BRIEF >>
An exact restatement is required. Cover only the lines of the records from the first through the line with "Numbers: x, y, z, sx, sy, sz, roll, pitch, yaw.", and skip pictures.

Segment Start: EXCERPTED DATA

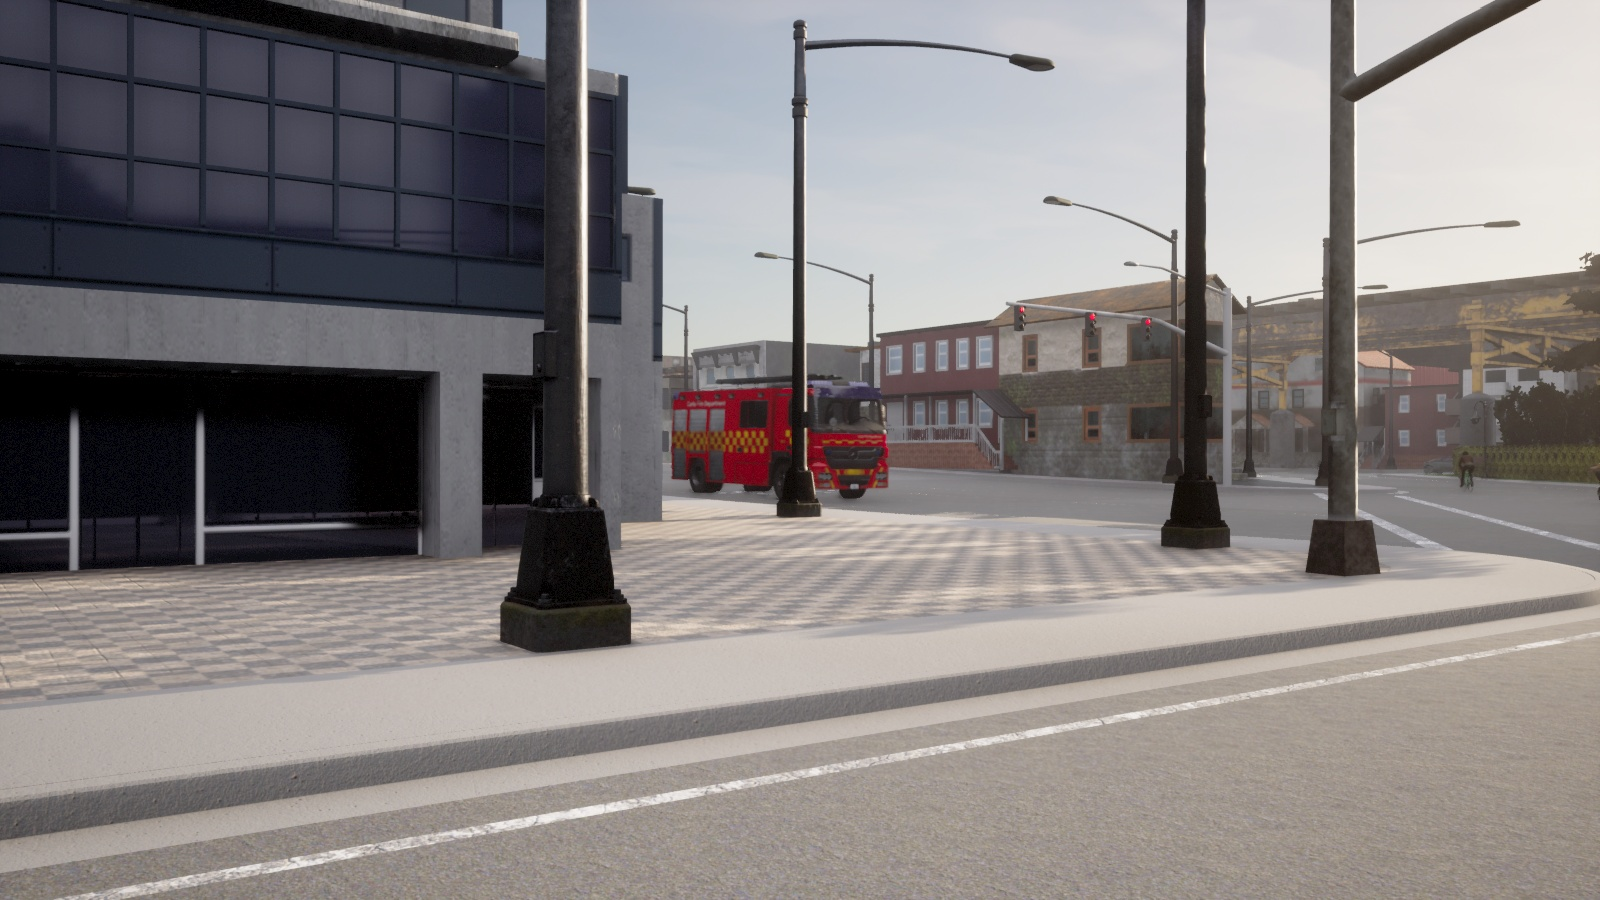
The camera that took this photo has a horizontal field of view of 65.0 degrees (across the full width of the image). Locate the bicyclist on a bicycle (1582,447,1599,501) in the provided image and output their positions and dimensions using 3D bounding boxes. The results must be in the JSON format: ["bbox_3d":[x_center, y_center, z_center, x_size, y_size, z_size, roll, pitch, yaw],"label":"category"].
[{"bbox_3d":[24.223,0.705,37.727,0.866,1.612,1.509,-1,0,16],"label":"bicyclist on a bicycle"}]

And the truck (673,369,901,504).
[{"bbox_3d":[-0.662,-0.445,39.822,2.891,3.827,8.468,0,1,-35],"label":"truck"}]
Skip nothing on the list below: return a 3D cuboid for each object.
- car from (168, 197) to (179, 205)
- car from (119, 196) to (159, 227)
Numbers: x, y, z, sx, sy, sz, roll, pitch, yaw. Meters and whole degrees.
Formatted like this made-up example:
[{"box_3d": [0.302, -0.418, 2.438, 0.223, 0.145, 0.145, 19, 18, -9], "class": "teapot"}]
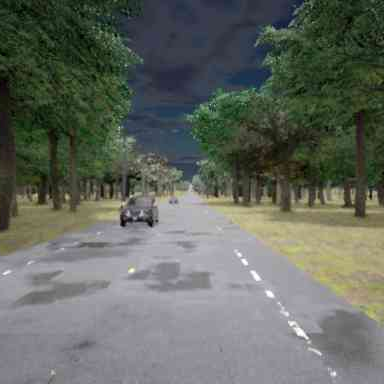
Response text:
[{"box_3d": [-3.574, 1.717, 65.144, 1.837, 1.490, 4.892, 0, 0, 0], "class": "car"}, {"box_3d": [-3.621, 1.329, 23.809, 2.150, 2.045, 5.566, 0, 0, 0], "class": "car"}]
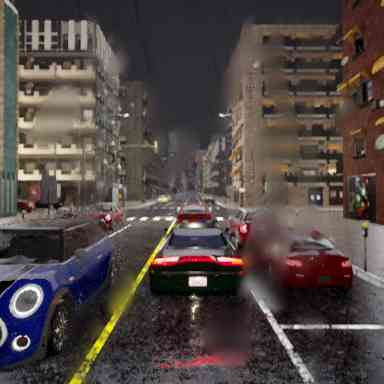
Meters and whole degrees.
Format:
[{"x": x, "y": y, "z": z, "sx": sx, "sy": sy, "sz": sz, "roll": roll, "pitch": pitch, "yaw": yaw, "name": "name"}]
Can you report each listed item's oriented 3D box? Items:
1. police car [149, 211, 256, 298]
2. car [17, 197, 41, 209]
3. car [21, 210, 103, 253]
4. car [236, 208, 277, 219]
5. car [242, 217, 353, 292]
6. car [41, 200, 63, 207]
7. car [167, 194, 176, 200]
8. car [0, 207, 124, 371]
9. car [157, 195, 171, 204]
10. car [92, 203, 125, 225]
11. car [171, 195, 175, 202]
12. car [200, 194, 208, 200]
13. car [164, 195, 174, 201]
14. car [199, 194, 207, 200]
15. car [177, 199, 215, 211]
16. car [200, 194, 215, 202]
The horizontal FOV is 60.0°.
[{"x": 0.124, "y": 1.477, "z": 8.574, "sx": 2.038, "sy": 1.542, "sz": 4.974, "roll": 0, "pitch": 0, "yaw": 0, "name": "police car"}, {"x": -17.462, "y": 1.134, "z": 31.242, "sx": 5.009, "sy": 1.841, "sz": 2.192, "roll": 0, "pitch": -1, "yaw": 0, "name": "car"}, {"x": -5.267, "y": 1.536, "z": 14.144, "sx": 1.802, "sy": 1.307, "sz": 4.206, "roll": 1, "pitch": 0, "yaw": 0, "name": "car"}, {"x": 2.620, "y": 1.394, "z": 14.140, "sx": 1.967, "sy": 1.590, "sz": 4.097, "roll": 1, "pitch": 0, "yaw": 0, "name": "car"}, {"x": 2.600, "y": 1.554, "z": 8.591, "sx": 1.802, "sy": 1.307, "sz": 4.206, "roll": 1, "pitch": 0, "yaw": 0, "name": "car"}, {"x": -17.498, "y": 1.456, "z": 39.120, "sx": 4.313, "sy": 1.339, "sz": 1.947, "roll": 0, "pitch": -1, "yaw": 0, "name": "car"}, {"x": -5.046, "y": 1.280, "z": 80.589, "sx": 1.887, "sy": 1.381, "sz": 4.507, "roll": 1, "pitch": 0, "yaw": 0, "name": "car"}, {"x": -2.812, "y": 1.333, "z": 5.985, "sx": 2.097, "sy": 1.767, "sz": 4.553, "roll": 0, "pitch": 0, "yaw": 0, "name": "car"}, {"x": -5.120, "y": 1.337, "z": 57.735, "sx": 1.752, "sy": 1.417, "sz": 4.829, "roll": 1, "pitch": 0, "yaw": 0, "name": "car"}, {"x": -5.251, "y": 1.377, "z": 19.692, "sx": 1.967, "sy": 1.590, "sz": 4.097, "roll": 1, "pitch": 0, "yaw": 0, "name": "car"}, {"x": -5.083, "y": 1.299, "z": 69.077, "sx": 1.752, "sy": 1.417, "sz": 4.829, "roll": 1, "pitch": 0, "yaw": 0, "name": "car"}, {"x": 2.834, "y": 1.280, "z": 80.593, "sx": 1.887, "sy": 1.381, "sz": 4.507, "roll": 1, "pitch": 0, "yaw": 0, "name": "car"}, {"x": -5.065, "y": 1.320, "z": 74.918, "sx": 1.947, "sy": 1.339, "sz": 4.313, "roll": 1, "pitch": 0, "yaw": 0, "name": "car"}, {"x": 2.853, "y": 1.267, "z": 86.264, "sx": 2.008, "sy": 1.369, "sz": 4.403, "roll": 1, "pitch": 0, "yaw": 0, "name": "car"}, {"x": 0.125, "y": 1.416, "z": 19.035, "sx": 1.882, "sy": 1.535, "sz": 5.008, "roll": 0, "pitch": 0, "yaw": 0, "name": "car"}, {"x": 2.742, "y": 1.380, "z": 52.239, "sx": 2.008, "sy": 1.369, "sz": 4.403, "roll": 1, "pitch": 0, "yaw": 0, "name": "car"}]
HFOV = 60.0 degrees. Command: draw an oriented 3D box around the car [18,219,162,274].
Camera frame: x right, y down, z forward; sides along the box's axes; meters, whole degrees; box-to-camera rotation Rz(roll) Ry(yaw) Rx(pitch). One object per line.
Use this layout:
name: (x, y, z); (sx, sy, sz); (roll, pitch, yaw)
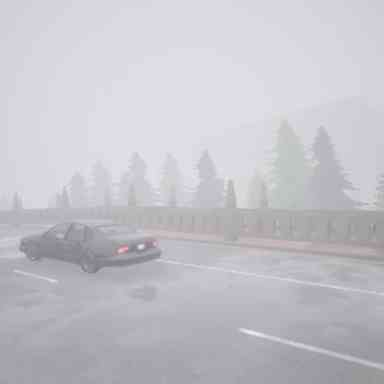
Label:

Segment End: EXCERPTED DATA

YOUR SOLUTION >>
The camera that took this photo has a horizontal field of view of 65.0 degrees (across the full width of the image). Locate the bicyclist on a bicycle (1582,447,1599,501) in the provided image and output their positions and dimensions using 3D bounding boxes. The results must be in the JSON format: ["bbox_3d":[x_center, y_center, z_center, x_size, y_size, z_size, roll, pitch, yaw],"label":"category"].
[{"bbox_3d":[24.223,0.705,37.727,0.866,1.612,1.509,-1,0,16],"label":"bicyclist on a bicycle"}]

And the truck (673,369,901,504).
[{"bbox_3d":[-0.662,-0.445,39.822,2.891,3.827,8.468,0,1,-35],"label":"truck"}]
Skip nothing on the list below: return a 3D cuboid for each object.
- car from (168, 197) to (179, 205)
- car from (119, 196) to (159, 227)
Numbers: x, y, z, sx, sy, sz, roll, pitch, yaw. Meters and whole degrees.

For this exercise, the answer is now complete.